Lordship, State Formation and Local Authority in Late Medieval and Early Modern England

Author : Spike Gibbs
Publisher : Cambridge University Press
Page : 293 pages
File Size : 43,6 Mb
Release : 2023-07-27
Category : History
ISBN : 9781009311861

Get Book

Lordship, State Formation and Local Authority in Late Medieval and Early Modern England by Spike Gibbs Pdf

Providing a new narrative of how local authority and social structures adapted in response to the decline of lordship and the process of state formation, Spike Gibbs uses manorial officeholding – where officials were chosen from among tenants to help run the lord's manorial estate – as a prism through which to examine political and social change in the late medieval and early modern English village. Drawing on micro-studies of previously untapped archival records, the book spans the medieval/early modern divide to examine changes between 1300 and 1650. In doing so, Gibbs demonstrates the vitality of manorial structures across the medieval and early modern era, the active and willing participation of tenants in these frameworks, and the way this created inequalities within communities. This title is part of the Flip it Open Programme and may also be available Open Access. Check our website Cambridge Core for details.
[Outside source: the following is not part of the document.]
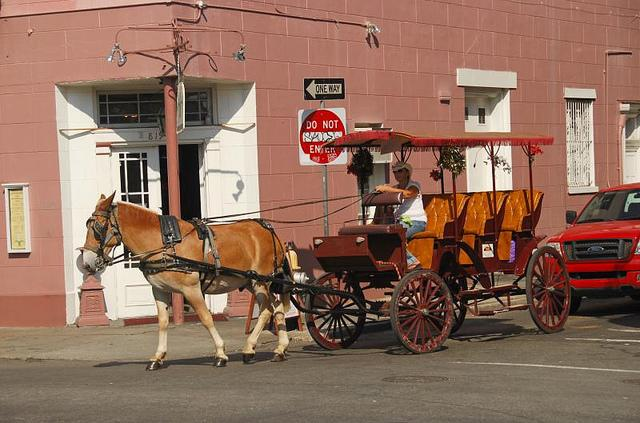What is the person in the carriage most likely looking for? passengers

Argument and Authority in Early Modern England

Author : Conal Condren
Publisher : Cambridge University Press
Page : 428 pages
File Size : 42,8 Mb
Release : 2006-03-17
Category : History
ISBN : 0521859085

Get Book

Argument and Authority in Early Modern England by Conal Condren Pdf

A radical reappraisal of the character of moral and political theory in early modern England.

Printed Pandemonium

Author : Michel Reinders
Publisher : BRILL
Page : 283 pages
File Size : 49,9 Mb
Release : 2013-01-28
Category : Political Science
ISBN : 9789004243170

Get Book

Printed Pandemonium by Michel Reinders Pdf

Printed Pandemonium is a fresh take on one of the most violent political upheavals in early modern history: the popular riots, the political murders and the brutal purifications of local governments in the Dutch Republic during the so-called ‘Year of Disaster’ 1672. Printed Pandemonium gives an insight into the relationship between political event and political communication in the early modern world. The popular revolts of 1672 were the work of ‘normal’ citizens who rioted and killed, but also politically participated by reading, writing and debating hundreds of different pamphlets and petitions that were put on the market during that momentous year. In total somewhere between one and two million pamphlets flooded the Dutch Republic in 1672. This study is the first analysis of all these pamphlets.